Comme souvent dans ces caslà, le faussaire n’a pu agir seul.
Une mécanique bien huilée gravitait autour de lui : un intermédiaire prénommé Lothar, ancien
chauffeur de train originaire
d’Allemagne de l’Est qui inondait le marché allemand en se
faisant passer pour le « comte
Von Waldstein » pour duper plus
facilement ses victimes ; un
commissaire-priseur et un marchand d’art.
Des œuvres toujours en vente
Il y a neuf ans, Robert Driessen s’était installé en Thaïlande.

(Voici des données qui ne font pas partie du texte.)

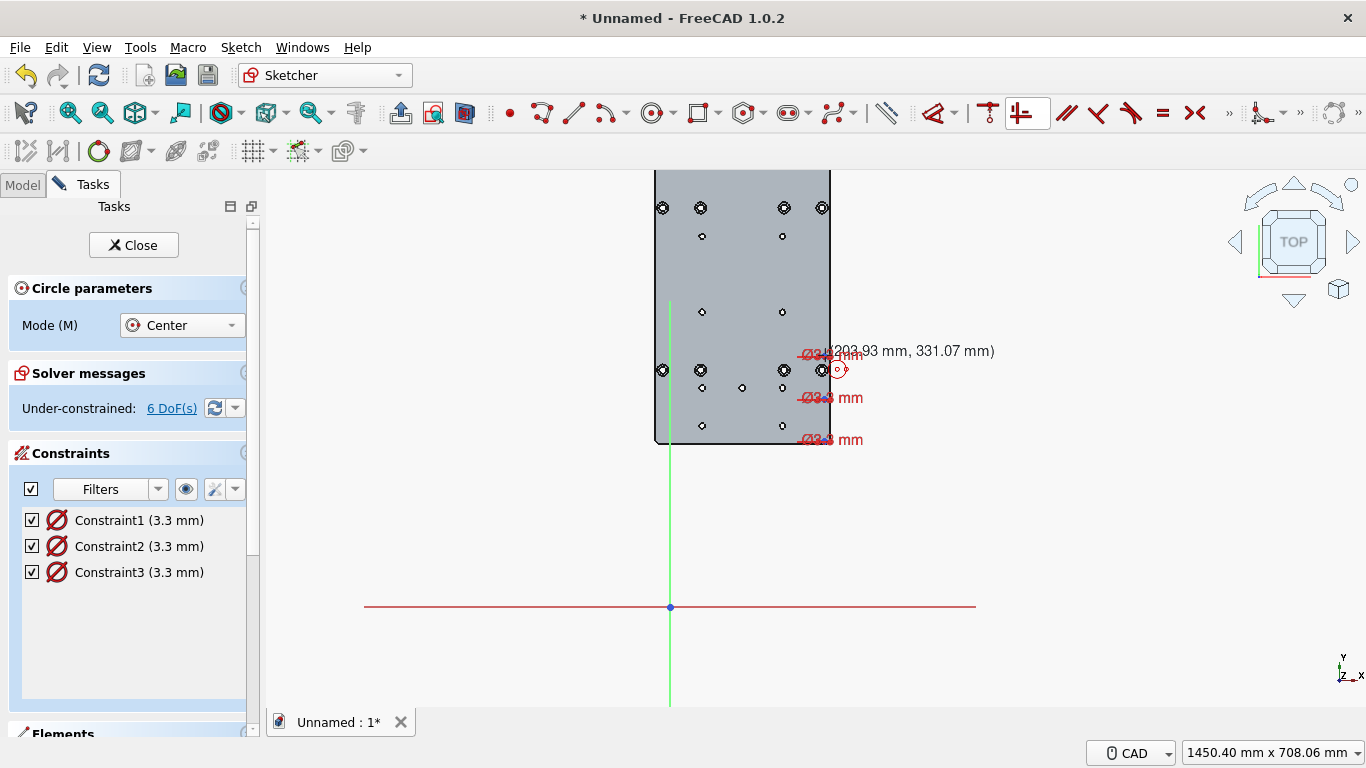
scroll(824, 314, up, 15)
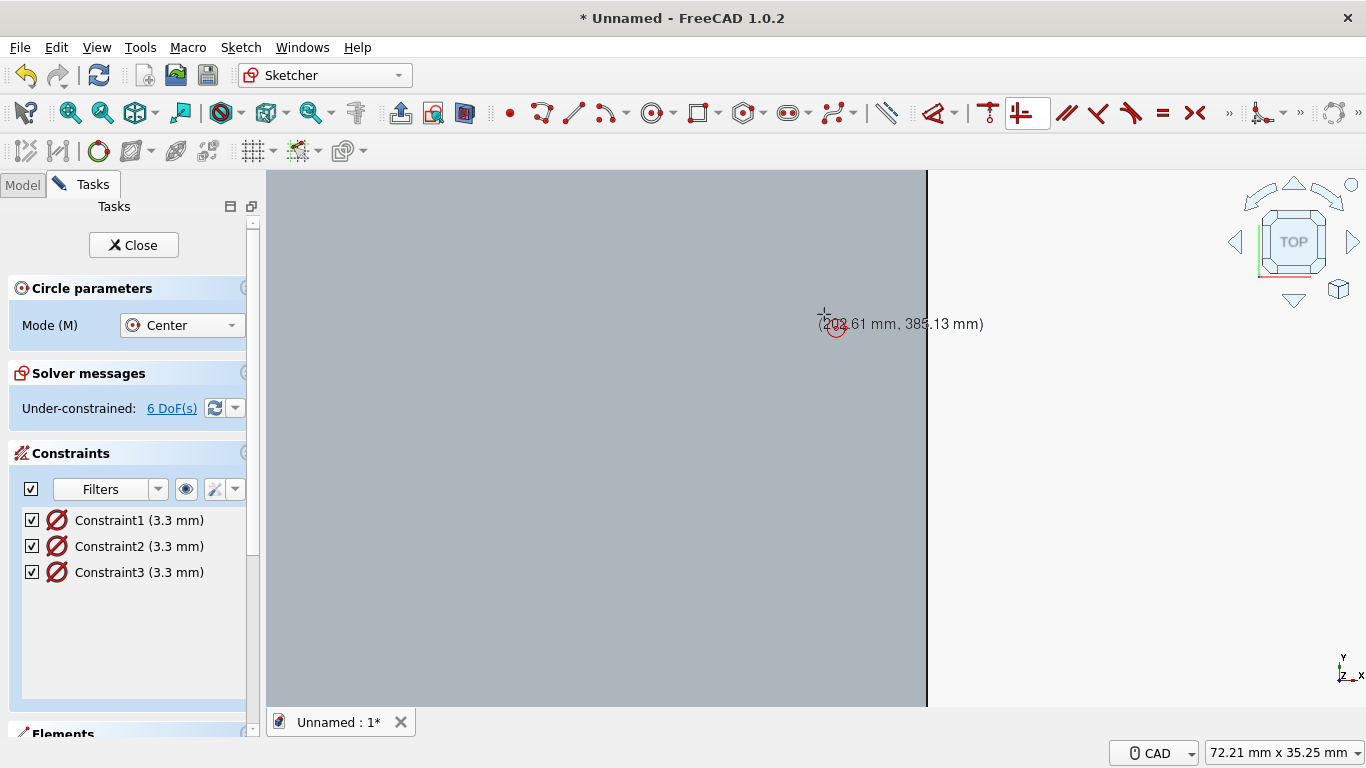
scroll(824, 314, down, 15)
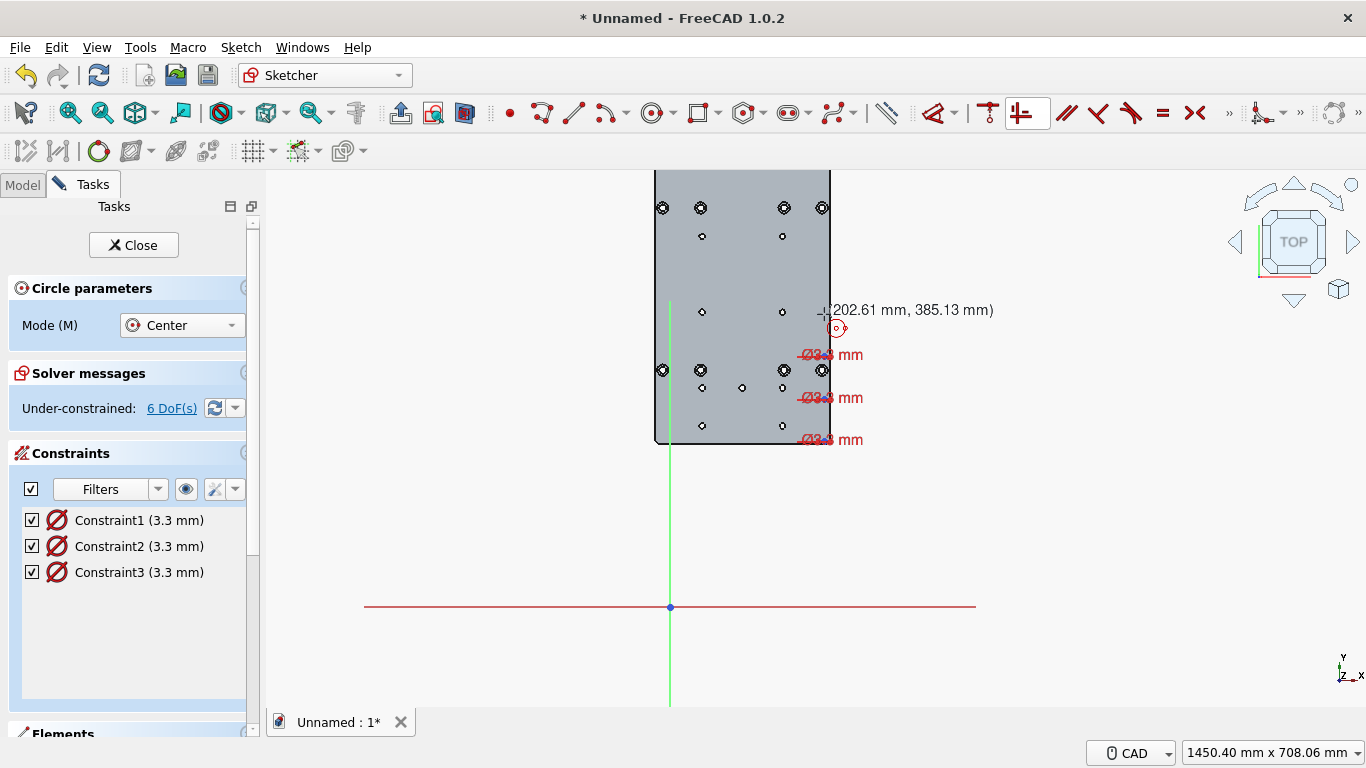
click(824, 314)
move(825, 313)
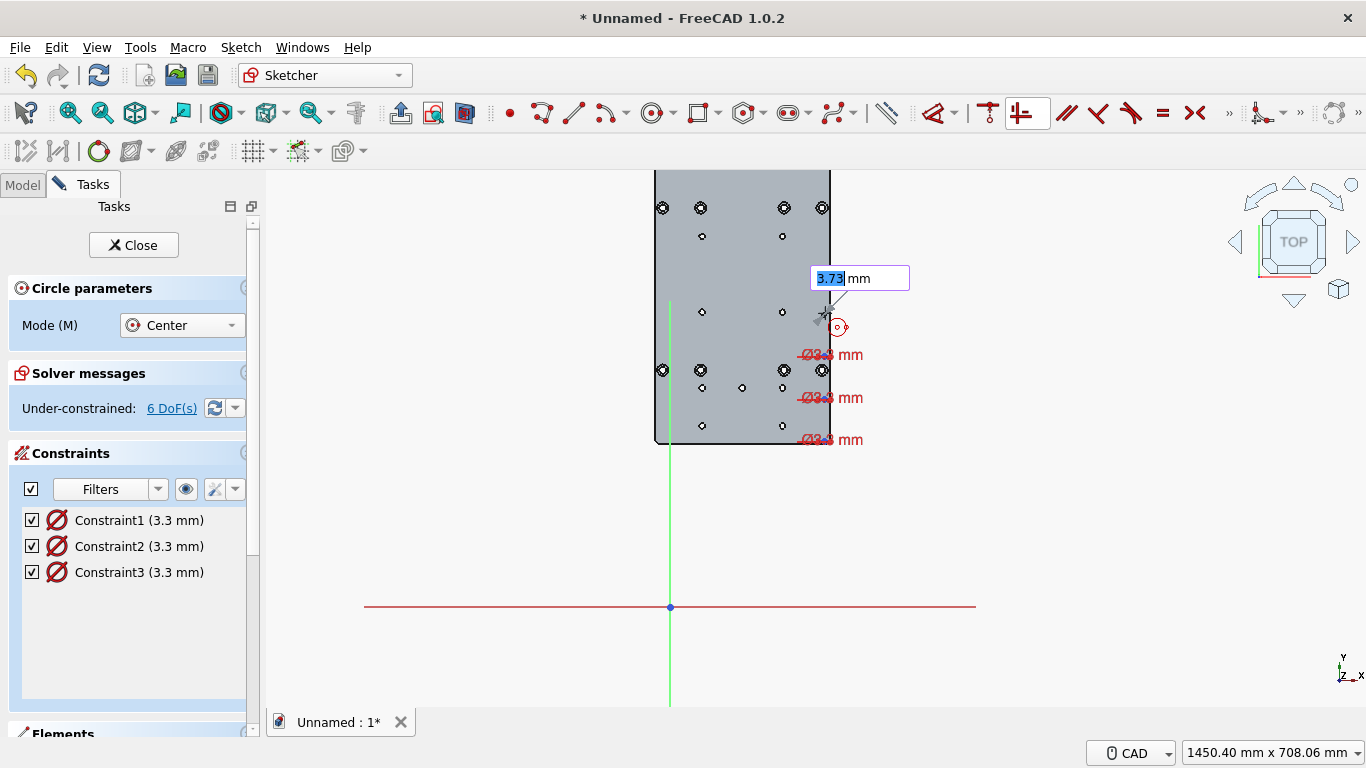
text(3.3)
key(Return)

Il y menait une vie plutôt tranquille, en gérant un petit restaurant et en vendant sur le côté ses
œuvres par le biais de son site
Internet. Il n’a pas dû choisir
cette destination totalement par
hasard puisque ce pays d’Asie du
sud-est ne possédant aucun traité d’extradition avec les PaysBas, le faussaire ne risquait alors
pas grand-chose.
Mais trois éléments ont précipité sa chute. Le premier a été la
prise en flagrant délit de ses
comparses en 2009 lors de la découverte par la police allemande
d’un hangar situé à Mainz renfermant 831 bronzes et 171
sculptures sur plâtre étrangement ressemblantes aux œuvres
de Giacometti. Le second a été la
fin de son permis de séjour l’obligeant à revenir en Europe. Et enfin le troisième : sa réelle identité révélée au grand jour grâce à
un cliché de l’une de ses œuvres
pris devant une fenêtre qui reflétait parfaitement son image. Arthur Brand, un consultant en art
néerlandais, bien décidé à jouer
les justiciers pour faire tomber le
faussaire est l’auteur du cliché.
L’originalité de la chose, si on
ose le terme, réside dans le fait
qu’en dépit de ses démêlés judiciaires Robert Driessen propose
toujours à l’heure actuelle via
son site Internet treize sculptures désignées en tant que « reproductions originales de Giacometti ». En ce début juillet, les
soldes battent également leur
plein sur ce site puisque tous les
modèles se situent dans une
fourchette allant de 750 à 2.250
euros. Ces réductions de prix seraient officiellement liées à l’arrivée imminente d’une nouvelle
collection mais gageons que l’ouverture du procès ne devrait pas
y être totalement étrangère. ■
LOÏC BUISSERET (St.)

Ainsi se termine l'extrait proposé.